Items from a dataset:
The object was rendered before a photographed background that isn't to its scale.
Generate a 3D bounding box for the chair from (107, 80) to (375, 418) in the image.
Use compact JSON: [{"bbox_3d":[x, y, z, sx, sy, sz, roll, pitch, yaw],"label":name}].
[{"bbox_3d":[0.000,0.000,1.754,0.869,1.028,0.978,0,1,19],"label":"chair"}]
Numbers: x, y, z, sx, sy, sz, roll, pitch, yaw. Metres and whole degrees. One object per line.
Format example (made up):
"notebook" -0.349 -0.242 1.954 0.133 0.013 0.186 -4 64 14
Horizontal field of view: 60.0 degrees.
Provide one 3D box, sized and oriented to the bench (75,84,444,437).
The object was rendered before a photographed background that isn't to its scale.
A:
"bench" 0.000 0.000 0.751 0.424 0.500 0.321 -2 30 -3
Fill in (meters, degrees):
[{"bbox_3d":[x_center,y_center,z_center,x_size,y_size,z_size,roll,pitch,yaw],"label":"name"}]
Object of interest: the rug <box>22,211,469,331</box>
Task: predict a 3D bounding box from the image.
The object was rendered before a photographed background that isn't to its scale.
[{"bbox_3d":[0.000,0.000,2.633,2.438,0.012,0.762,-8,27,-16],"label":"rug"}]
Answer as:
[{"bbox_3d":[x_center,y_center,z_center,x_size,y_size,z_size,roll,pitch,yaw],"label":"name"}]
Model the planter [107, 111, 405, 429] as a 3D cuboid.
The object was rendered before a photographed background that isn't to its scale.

==

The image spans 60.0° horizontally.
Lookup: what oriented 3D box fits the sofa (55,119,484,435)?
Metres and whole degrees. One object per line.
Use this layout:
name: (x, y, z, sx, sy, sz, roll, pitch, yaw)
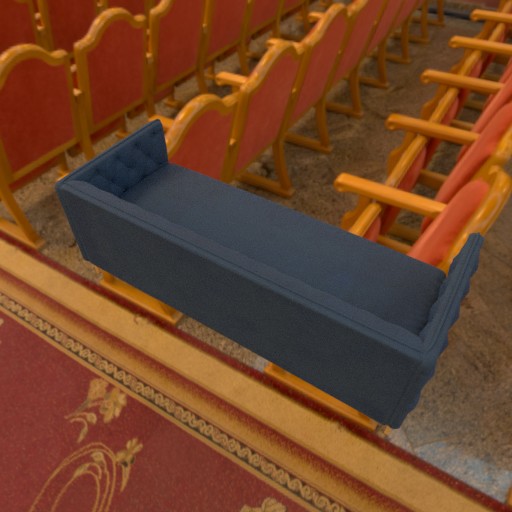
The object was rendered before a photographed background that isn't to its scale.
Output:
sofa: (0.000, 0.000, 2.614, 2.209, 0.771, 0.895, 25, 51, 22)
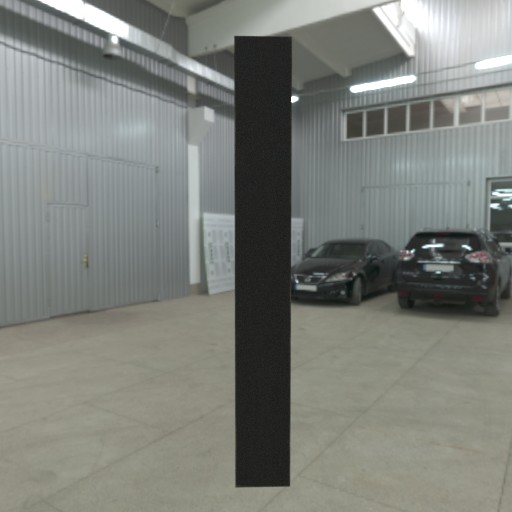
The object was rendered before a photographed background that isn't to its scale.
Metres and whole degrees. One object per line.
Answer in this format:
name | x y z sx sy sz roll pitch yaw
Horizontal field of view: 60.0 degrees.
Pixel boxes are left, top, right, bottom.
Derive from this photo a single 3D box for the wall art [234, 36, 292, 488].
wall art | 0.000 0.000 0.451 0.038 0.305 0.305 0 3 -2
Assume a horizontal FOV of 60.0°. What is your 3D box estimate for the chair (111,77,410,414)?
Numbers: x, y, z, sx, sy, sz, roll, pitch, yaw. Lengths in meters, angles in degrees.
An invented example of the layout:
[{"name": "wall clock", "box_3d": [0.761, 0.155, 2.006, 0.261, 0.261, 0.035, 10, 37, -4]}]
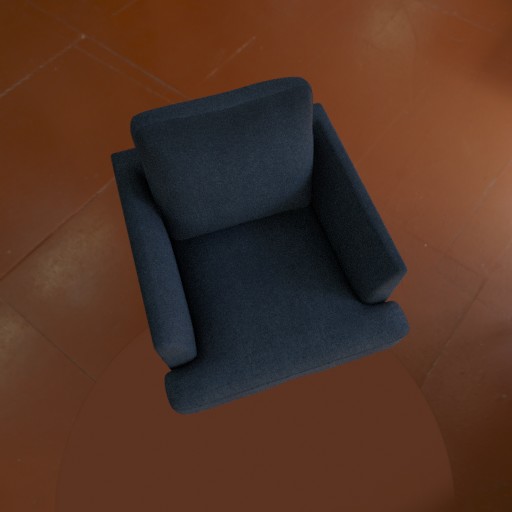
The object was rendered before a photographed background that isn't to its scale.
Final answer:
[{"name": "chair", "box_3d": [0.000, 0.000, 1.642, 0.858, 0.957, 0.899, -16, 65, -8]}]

▶ **TASK DIRECTIONS**
Which lines above contain "layout"? Show each of them.

▶ **ANSWER BOX**
Use this layout:
An invented example of the layout:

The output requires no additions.